Replace bool[] sampleSet with HashSet<int>
Found while analyzing a .gcDump, there are 858 bool[] arrays in LOH, largest are 4 mb each, taking total 950 mb of space, almost empty, mostly not rooted. Replace with HashSet
I captured an ETW trace afterwards, HashSet
@ninedan The issue arose when I was analyzing gcdump files with ~70-90 million nodes and extremely deep recursion (e.g. linked lists with 1 million+ nodes).
@sharwell, are you worried about HashSet.Add time or HashSet.Contains time? When you're analyzing gcDump file with 70-90 million nodes, how many nodes are they sampled down to? How much would HashSet version cost, relative to total CPU usage?
how many nodes are they sampled down to
I never do sampling. There were 70-90 million nodes in the visible stacks.
How much would HashSet version cost, relative to total CPU usage?
I don't remember how much difference this particular change made. The full set of changes resulted in a reduction from several hours of processing down to a few seconds.
@sharwell , check new change. I'm adding a new class IndexSet which automatically switches to use bitset when there are enough element to make it more memory efficient.
@ninedan I'm not opposed to a change to reduce memory usage, but keep in mind that execution time is the overwhelming dominant concern. If someone was to submit a pull request that improved execution time at the expense of another 40GiB of runtime memory overhead, I would happily support it (and merge it into my interner branch even if it doesn't make its way to master).
For this change, I'd like to see BenchmarkDotNet results showing that the new IndexSet class is no slower at scale at runtime than the current byte[] approach. If the performance is the same or better, then I would not be opposed to the change.
@sharwell, can you provide a test case which shows CPU time with this integer set is over great importance?
I think CPU time is never the real issue. The real issue is always memory. With lots of LOH allocations, GC can be extremely expensive, causing lots of CPU usage. So the key is actually reduce memory usage, especially LOH allocations. The current solution has at least two issues: 1) resizing in a loop, 2) using bool[] array when bit set is enough.
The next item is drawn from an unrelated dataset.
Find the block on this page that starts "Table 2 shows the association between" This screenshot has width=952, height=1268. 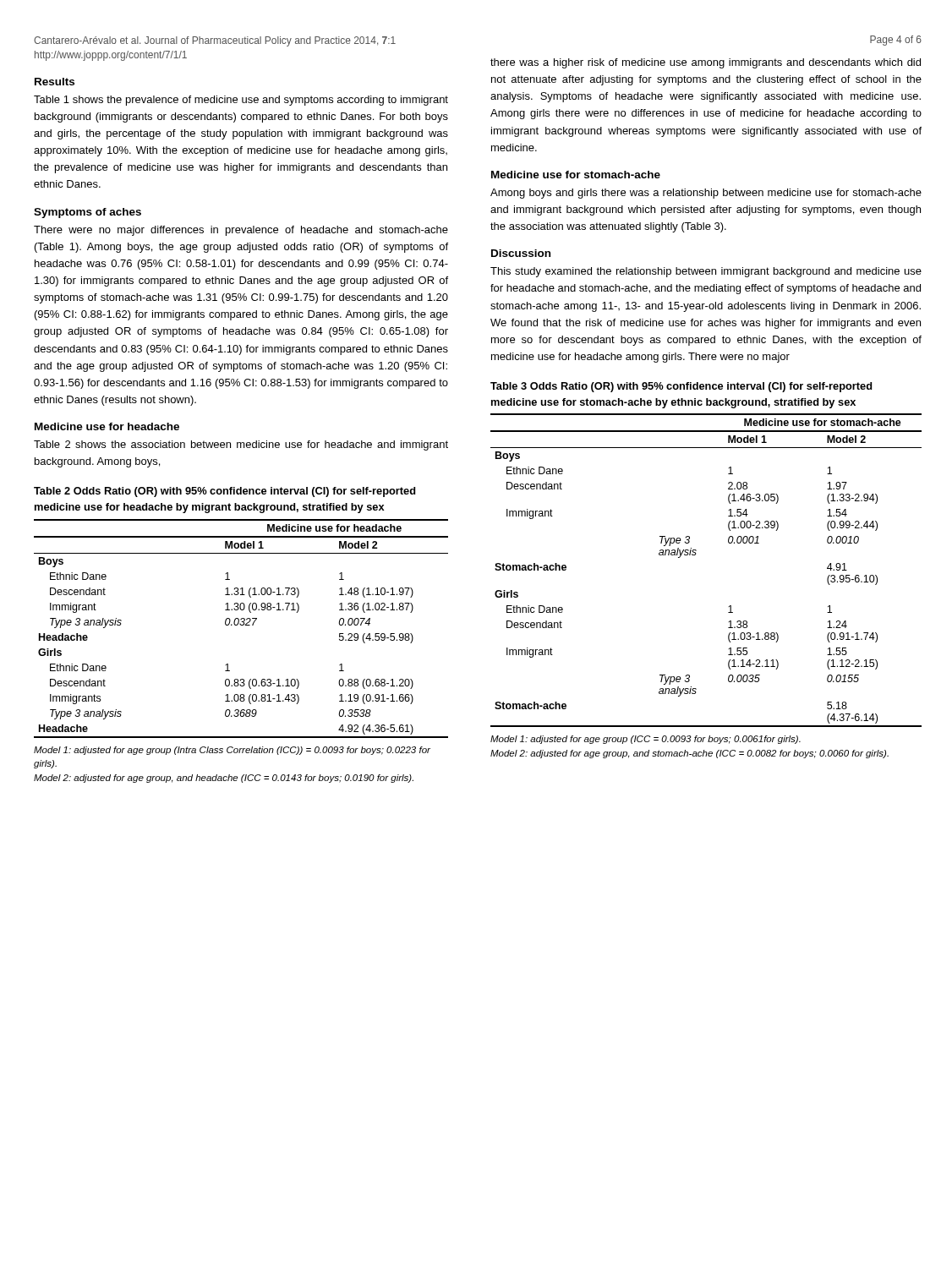click(241, 453)

The third issue is when the range of the indexes are large enough, there could be thousands of big LOH allocations, as I saw in my analysis with 3 million object .gcDump file.
The latest version address all these 3 issues.
@ninedan Unfortunately this change predated when I was keeping track of specific test scenarios. I'll try to keep a watch for them in the future.
I think CPU time is never the real issue. The real issue is always memory.
End-to-end execution time on the wall clock is the only consideration I use for making performance changes to address scaling problems in PerfView. Sometimes it's CPU usage for algorithms, and other times it's CPU usage from GC. Whatever it takes to get the application to finish faster without compromising the quality of results is the approach to go with.
I do think that both execution time and memory are concerns here. At this point, it's not clear to me whether or not we do want to take this change. I think a prerequisite to taking this particular change is going to be to figure out what types of test cases we can run against it to see how it behaves under load. I've filed #1041 so that we can figure out what kinds of tests we should run on this.
@ninedan, thank you for the contribution. Let's work through the testing aspect of this and then we can evaluate the change.